Stored records:
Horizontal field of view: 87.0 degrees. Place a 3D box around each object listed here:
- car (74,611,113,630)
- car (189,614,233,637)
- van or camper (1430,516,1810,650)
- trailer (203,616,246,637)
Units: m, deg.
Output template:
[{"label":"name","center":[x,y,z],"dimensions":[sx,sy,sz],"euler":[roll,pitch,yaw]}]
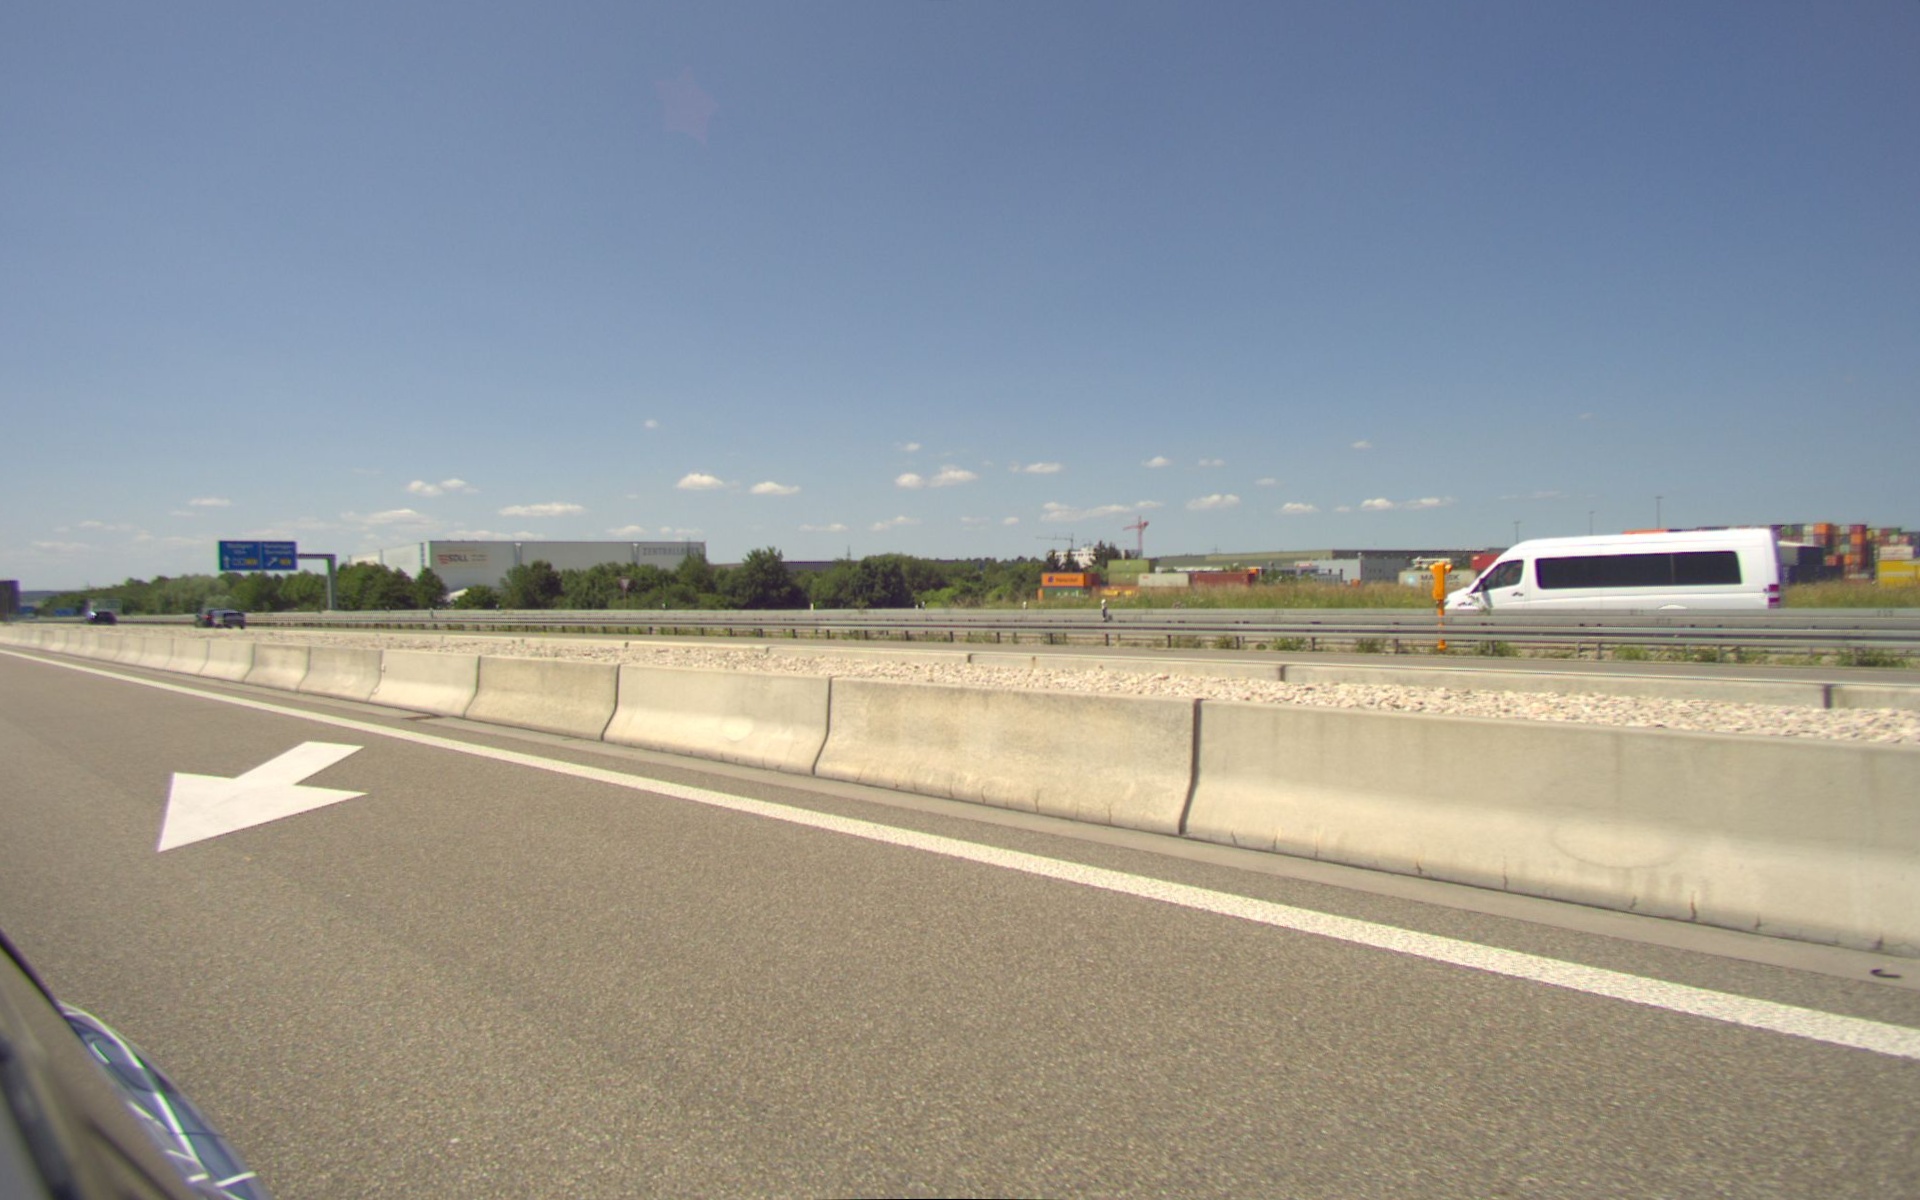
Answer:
[{"label":"car","center":[-72.118,1.696,84.205],"dimensions":[4.371,1.484,2.009],"euler":[-1,0,43]},{"label":"car","center":[-54.604,1.850,73.773],"dimensions":[3.998,1.562,1.773],"euler":[-1,0,42]},{"label":"van or camper","center":[15.935,-0.331,24.867],"dimensions":[7.538,2.843,2.520],"euler":[-1,0,41]},{"label":"trailer","center":[-51.749,1.853,71.165],"dimensions":[3.682,1.446,1.737],"euler":[-1,-1,42]}]
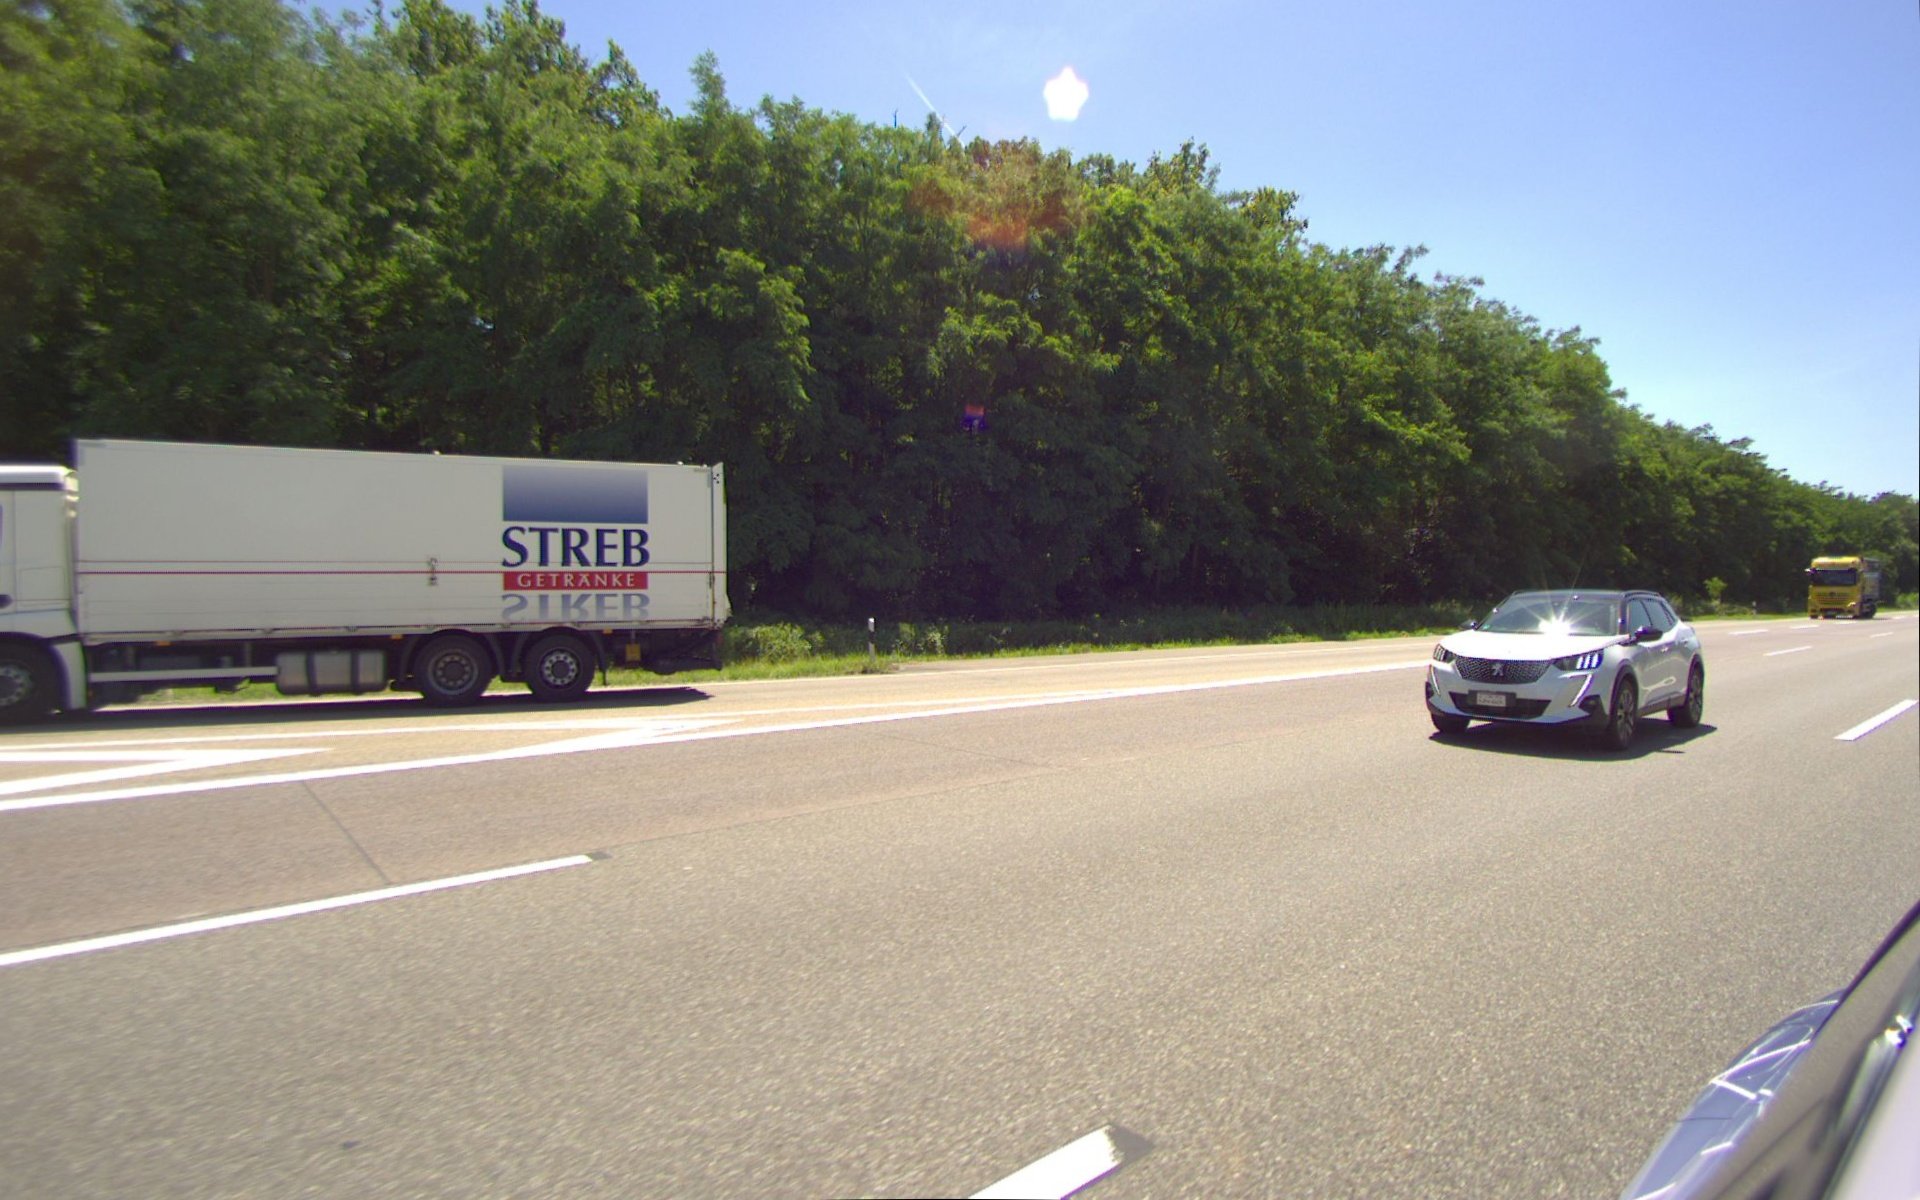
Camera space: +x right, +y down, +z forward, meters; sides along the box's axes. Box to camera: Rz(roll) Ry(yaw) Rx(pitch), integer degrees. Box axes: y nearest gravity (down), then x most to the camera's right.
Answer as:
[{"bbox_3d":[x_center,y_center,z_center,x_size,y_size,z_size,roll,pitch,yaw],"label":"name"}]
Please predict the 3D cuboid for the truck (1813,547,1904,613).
[{"bbox_3d":[59.711,-1.283,67.139,10.787,4.088,2.980,-1,0,-40],"label":"truck"}]

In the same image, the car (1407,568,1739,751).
[{"bbox_3d":[6.948,0.494,11.239,4.725,1.628,1.830,-1,1,-41],"label":"car"}]

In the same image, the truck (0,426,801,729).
[{"bbox_3d":[-7.783,-0.287,14.257,10.547,3.361,3.043,0,0,-25],"label":"truck"}]
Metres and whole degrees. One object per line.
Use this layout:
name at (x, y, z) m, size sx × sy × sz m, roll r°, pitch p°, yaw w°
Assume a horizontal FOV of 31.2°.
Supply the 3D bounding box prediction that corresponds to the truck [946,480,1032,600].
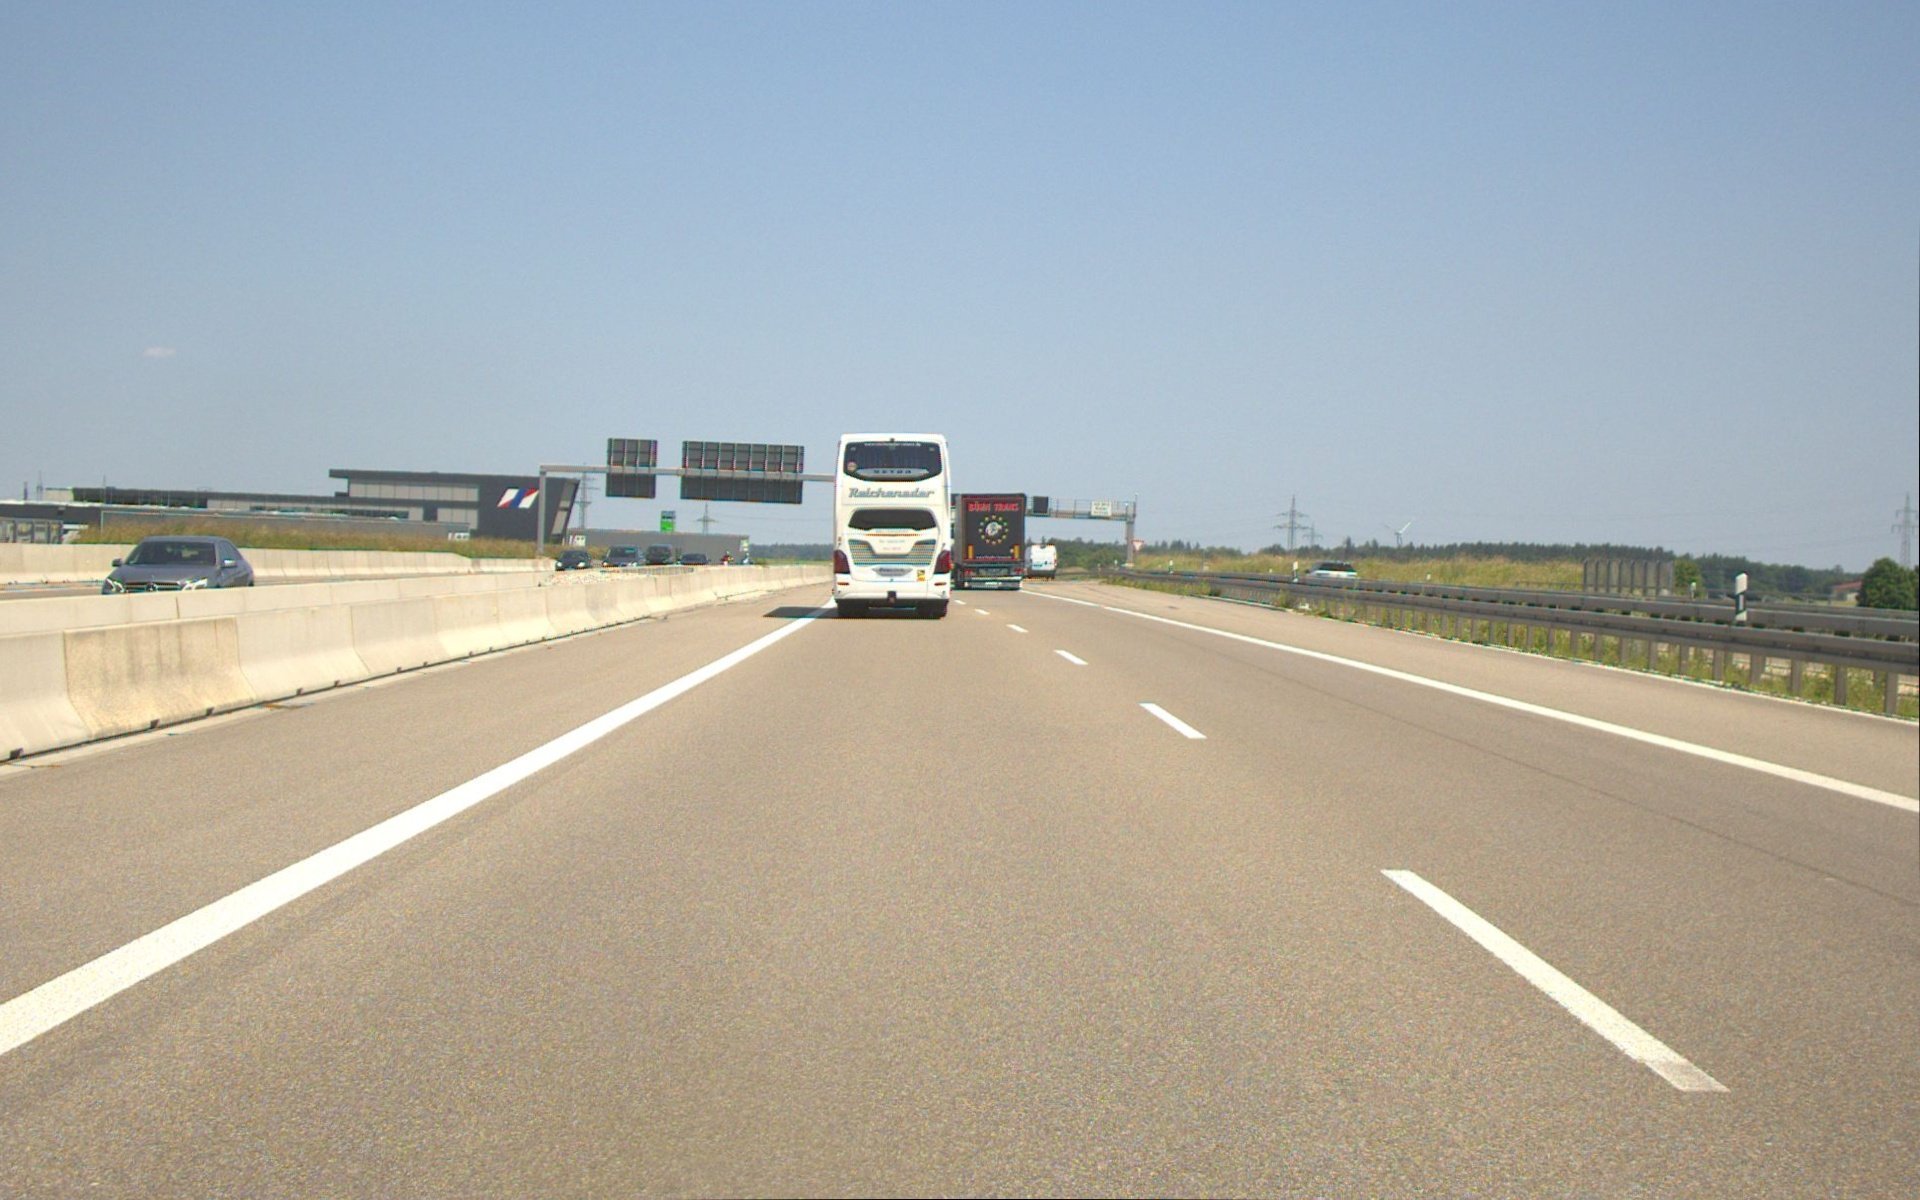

**Exercise description:**
Search the lines above for the string "name", then show every one that has it.

**Exercise response:**
[{"label":"name","center":[x,y,z],"dimensions":[sx,sy,sz],"euler":[roll,pitch,yaw]}]
[{"bbox_3d":[x_center,y_center,z_center,x_size,y_size,z_size,roll,pitch,yaw],"label":"name"}]
name at (x, y, z) m, size sx × sy × sz m, roll r°, pitch p°, yaw w°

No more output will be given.